What is the Human Genome Project?

What is the Human Genome Project?

What is the Human Genome Project?

By Syed Rizvi

A genome is the complete set of DNA that makes an organism what it is. There’s a lot of information that’s packed into our DNA, ranging from our skin and hair color to our susceptibility to certain diseases, which is why it’s so important for us to understand our DNA. 

The Human Genome Project sought out this exact goal and brought together scientists from across the globe to help sequence the entirety of our DNA. To put into perspective how great of a task this was, the project ran from 1990 to 2003, and once completed was found to have sequenced approximately 3 billion base pairs and 20,000 genes. Being completed within 13 years was actually ahead of schedule! 

Let’s suppose you wanted to count to 1 billion, and counted one number every second — based on this it would take you approximately 32 years to get to a billion. Now let’s say you decide to split the work between yourself and your friend and start counting from different points; suddenly the time is halved. The Human Genome Project took the same approach:a bunch of scientists all over the world started at different points in the genome, and then ultimately put it all together like a puzzle to get our complete DNA set.

Why do we need to know what's in our genome?

Knowing our entire genome is like having a map of the human body. Imagine if emergency services like ambulances didn’t have a map of the city. They’d get a call for an emergency and then would run around randomly trying to find the source of it. If they had an address and a map however, they could go straight to the site of emergency and treat the problem quickly. Similarly, gene mapping provides the location of all our genes.

Researchers can track the frequency of a recurring set of nucleotides in the genome to link them with certain traits. Let’s say that a family with Huntington’s disease came in, and they all got sequenced. If a sequence is shared amongst them all, and other patients with Huntington’s, it is likely that the researchers have identified a “marker” for a disease-linked gene. Through the Human Genome Project, scientists were able to find gene locations for diseases such as Huntington’s, cystic fibrosis, and breast cancer.

Treating a disease-causing gene can look like: obtaining the bad gene from a patient, introducing the fixed gene into cells, and then injecting the altered cells back into the body. One way this could be accomplished is through retroviruses, which you can read more about here.

How was it done?

There are a few different ways to sequence DNA, but the one that was most effective at the time of the Human Genome Project was the Chain Termination Method (also popularly known as Sanger Sequencing).
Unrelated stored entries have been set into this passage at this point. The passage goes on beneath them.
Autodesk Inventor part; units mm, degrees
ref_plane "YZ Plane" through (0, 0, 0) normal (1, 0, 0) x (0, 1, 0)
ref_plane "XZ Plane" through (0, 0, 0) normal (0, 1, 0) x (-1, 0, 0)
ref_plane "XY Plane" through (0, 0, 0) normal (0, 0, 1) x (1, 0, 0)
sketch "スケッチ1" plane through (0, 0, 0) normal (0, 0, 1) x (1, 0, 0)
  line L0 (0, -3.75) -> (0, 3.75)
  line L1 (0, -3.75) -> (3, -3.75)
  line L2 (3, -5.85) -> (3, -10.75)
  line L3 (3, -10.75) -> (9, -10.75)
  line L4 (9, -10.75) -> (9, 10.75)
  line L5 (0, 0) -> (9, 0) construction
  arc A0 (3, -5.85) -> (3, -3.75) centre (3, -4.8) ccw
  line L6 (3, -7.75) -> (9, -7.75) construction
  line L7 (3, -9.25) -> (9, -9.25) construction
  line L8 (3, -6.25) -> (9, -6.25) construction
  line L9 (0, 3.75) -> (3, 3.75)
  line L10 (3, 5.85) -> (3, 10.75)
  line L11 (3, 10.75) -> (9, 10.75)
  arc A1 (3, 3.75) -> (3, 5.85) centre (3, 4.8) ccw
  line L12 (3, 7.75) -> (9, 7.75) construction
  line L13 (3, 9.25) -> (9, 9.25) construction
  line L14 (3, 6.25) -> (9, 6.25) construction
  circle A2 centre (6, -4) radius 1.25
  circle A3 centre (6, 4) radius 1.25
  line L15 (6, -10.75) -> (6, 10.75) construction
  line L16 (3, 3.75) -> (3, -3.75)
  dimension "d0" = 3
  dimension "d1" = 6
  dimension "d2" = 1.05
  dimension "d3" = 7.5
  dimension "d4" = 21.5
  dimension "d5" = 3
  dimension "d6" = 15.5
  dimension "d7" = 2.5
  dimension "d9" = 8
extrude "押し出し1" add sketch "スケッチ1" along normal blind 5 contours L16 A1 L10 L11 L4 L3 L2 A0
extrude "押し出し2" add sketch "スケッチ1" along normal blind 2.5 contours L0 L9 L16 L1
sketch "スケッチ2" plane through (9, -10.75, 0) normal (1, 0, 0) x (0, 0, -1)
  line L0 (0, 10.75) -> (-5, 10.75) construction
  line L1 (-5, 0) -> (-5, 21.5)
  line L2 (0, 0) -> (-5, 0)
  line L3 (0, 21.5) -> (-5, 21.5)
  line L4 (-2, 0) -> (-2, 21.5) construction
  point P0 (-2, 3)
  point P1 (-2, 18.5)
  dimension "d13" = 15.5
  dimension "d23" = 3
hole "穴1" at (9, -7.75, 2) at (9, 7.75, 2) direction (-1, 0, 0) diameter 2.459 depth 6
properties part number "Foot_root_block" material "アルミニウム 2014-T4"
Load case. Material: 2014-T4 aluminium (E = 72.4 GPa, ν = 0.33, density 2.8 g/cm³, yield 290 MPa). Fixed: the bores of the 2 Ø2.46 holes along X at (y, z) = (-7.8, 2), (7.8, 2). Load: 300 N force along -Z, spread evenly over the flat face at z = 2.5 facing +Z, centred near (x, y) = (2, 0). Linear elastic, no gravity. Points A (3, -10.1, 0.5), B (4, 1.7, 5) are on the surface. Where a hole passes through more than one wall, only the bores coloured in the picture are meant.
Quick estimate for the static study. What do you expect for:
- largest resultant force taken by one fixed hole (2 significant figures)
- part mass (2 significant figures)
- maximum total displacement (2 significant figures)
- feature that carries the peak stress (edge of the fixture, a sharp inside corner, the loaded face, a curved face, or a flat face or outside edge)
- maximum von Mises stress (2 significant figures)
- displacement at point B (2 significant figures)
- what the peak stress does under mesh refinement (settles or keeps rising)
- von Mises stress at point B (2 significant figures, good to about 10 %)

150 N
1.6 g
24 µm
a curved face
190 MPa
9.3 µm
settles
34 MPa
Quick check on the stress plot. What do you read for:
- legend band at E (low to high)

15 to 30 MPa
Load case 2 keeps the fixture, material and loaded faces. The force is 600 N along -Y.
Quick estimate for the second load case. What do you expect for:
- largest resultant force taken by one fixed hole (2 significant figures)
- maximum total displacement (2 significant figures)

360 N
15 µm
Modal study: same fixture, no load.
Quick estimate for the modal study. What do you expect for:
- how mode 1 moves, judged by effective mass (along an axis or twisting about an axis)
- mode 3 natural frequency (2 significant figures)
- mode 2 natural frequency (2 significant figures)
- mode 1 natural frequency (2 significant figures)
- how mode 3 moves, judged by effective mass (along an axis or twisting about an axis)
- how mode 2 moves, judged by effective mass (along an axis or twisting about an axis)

The Chain Termination Method involved 3 main steps:

  1. Binding and Extension:

    In standard PCR, deoxynucleoside triphosphate (dNTPs) expands the growing DNA by binding with their complement on the template strand via DNA Polymerase. In the Chain Termination Method, a special class of NTPs known as dideoxynucleoside triphosphate (ddNTPs) are added to this mixture, which stops the extension of the growing DNA strand.

    In standard PCR, the Polymerase catalyzes the formation of a phosphodiester bond between the 3’-OH group of the last nucleotide and 5’ phosphate of the next nucleotide. If we take a look at the name of our special nucleosides however, we notice they are a di- (meaning 2) deoxy (lacking a hydroxyl) group. Due to the lack of 3’-OH in these ddNTPs, the Polymerase can’t add anymore dNTPs to the growing chain. This results in billions of copies of DNA terminated at random lengths.

  2. Separation:

    After we have all of our random copies of DNA, we need to separate and organize them via Gel Electrophoresis. The gel contains small pores which the DNA can move through — small DNA molecules can move easily through them, but large DNA fragments experience more friction with the pores and move more slowly.

    DNA is negatively charged so when an electric current is run through the gel, the DNA will move towards the positive electrode. Because of this, the DNA will be arranged from largest to smallest from top to bottom.

  3. Analysis:

    Since DNA Polymerase extends from the 5’ to the 3’ end, each terminal dNTP will correspond to a part of the original sequence. For example, the shortest fragment must terminate at the first nucleotide from the 5’ end, and the longest fragment should terminate at the last nucleotide at the 3’ end.

    Therefore, by reading bands from smallest to largest we can get the original sequence of the DNA.